America’s First Muslims Were Slaves

In 1807, a wealthy 37-year-old scholar was captured in West Africa, in what is now Senegal, and transported to the United States to be sold into slavery.

That man, Omar Ibn Said, lived the remainder of his life enslaved in the American South, and his story might have been forgotten if not for the handwritten autobiography he left behind.

Written in Arabic and recently acquired by the Library of Congress, “The Life of Omar Ibn Said” is not only a rare handwritten personal story of an American slave, but it’s also one of the first intimate accounts of the early history of Muslims in the United States.

Ibn Said was among the approximately one-third of American slaves who were Muslim. While the exact number of enslaved Muslims is unknown, up to 40 percent of those who were captured and enslaved came from predominantly Muslim parts of West Africa.

“It challenges this notion of this being a Christian nation,” says Zaheer Ali, an oral historian at the Brooklyn Historical Society and project director of the Muslims in Brooklyn project. “It opens us up to understanding that there were non-Christians present at the founding of this nation, and not only at the founding of this nation, but that helped build this nation…It challenges the idea that this was a quote ‘Christian nation’ from the beginning.”

America’s first Muslims were slaves

The subsequent erasure of the black Muslim identity among the enslaved people in the United States was part of a strategy to strip enslaved Africans of their individual identities and reduce them to chattel both legally and in the public imagination.

“The black classification was devised to mark enslaved Africans as property. So, if you were black, you were no longer a human being,” says Khaled Beydoun, an author and law professor at the University of Arkansas. “If you acknowledge some of these religious identities, then you’re in turn acknowledging their humanity.”

During the antebellum period in the South, the Muslim identity took on very different identity from the stereotype of an African slave.

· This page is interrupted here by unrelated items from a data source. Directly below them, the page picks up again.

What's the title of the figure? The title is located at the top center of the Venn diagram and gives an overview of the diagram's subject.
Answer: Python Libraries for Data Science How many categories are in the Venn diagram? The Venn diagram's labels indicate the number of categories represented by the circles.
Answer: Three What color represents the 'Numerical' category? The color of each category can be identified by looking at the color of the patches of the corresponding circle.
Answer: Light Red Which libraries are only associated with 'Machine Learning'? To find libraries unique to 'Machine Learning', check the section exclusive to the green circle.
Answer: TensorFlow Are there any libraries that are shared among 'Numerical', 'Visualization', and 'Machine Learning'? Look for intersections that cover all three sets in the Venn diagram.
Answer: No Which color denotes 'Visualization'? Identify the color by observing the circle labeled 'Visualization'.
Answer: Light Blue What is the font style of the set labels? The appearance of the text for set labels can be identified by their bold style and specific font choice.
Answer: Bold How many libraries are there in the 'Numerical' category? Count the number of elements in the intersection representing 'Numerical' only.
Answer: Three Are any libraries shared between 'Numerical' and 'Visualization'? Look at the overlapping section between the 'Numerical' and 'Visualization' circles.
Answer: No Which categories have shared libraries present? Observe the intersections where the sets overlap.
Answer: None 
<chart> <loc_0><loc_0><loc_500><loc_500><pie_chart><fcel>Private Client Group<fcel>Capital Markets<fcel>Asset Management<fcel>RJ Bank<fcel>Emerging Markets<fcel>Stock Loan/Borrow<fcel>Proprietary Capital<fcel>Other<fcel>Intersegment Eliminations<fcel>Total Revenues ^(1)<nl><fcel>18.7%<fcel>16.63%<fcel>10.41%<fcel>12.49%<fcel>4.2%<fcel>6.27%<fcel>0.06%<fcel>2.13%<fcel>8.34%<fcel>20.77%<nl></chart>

“When people thought of a Muslim at that time, they thought Arab, they thought Ottoman, they thought Middle Eastern,” Beydoun says. “Enslaved Africans did not fit within that racial ethnic caricature or form.”

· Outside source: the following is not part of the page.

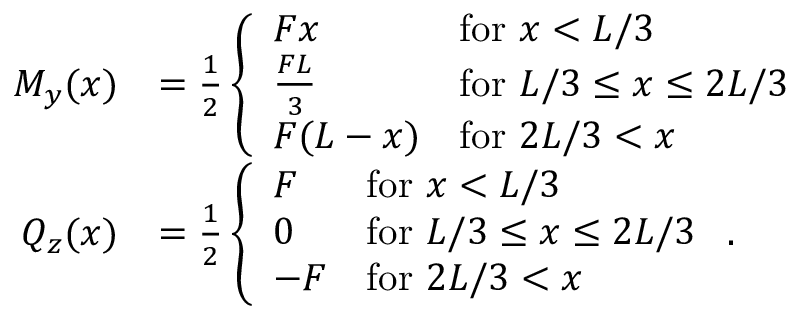Convert formula to latex. <formula><loc_0><loc_0><loc_500><loc_500>\begin{array} { r l } { M _ { y } ( x ) } & { = \frac { 1 } { 2 } \left \{ \begin{array} { l l } { F x } & { f o r x < L / 3 } \\ { \frac { F L } { 3 } } & { f o r L / 3 \leq x \leq 2 L / 3 } \\ { F ( L - x ) } & { f o r 2 L / 3 < x } \end{array} } \\ { Q _ { z } ( x ) } & { = \frac { 1 } { 2 } \left \{ \begin{array} { l l } { F } & { f o r x < L / 3 } \\ { 0 } & { f o r L / 3 \leq x \leq 2 L / 3 } \\ { - F } & { f o r 2 L / 3 < x } \end{array} . } \end{array}</formula>

This narrow understanding of both Muslims and Africans led to the widespread belief that the two identities could not overlap and helped hasten the erasure of Muslim African slaves from the historical record. In addition, the names of enslaved Muslims were often anglicized, which further obscured them from the history.

Writing themselves into history

Enslaved Muslims who left behind a written record challenged the idea that enslaved men and women were a brute workforce solely capable of physical labor because they lacked the intellectual capacity that would make them deserving of independence and freedom.

“These were people who were essentially writing themselves into existence both in terms of leaving a record of their life but also in terms of challenging the racist assumptions about people of African descent,” Ali says.

What we know about the masses of African Muslim slaves who left no written record can be garnered from the remembrances of their descendants and their names on bills of sale or runaway notices.

How long they adhered to Islam is unknown. Some converted to Christianity while others pretended to convert in order to satisfy their captors. But there are signs that some enslaved Muslims held onto the religion of their homelands.

Ali points to burial grounds on islands off the southern state of Georgia, where slave tombstones bear Islamic markings, and churches that were built facing the east, the direction Muslims face while praying. And there are descendants who recall seeing their elders using prayer rugs and Islamic prayer beads.

These recollections suggest that despite any coercion, some enslaved Muslims held onto their religious practices for life.

Leaving their mark 

While the existence of a sizable number of African Muslim slaves might not be well known to most Americans, they are believed to have left their mark on American culture.

Author and scholar Sylviane Diouf has suggested that slave work songs are related to the vocal pattern of Koranic recitation and the call to prayer. Those work songs — such as “Levee Camp Holler” a century-old song that originated in Mississippi — eventually gave birth to the blues.

And Ali says it’s possible that the banjo and guitar came from a traditional West African instrument.

Perhaps the most lasting legacy of Muslim slaves is the modern movement among some African Americans to embrace what they believe to be the original religion of their people.

“The movement towards Islam in the African American community in the 20th century was in part understood by its adherents as a reclaiming of a lost heritage, that this was not a new religion,” Ali says. “Islam is not new to the United States; it was here before the country was founded; it was present among the people who helped build this country; and it has very much been a part of the thread of America’s story.”

Beginning with the period of American slavery until today, black Muslims continue to comprise the largest segment of the Muslim community in the United States.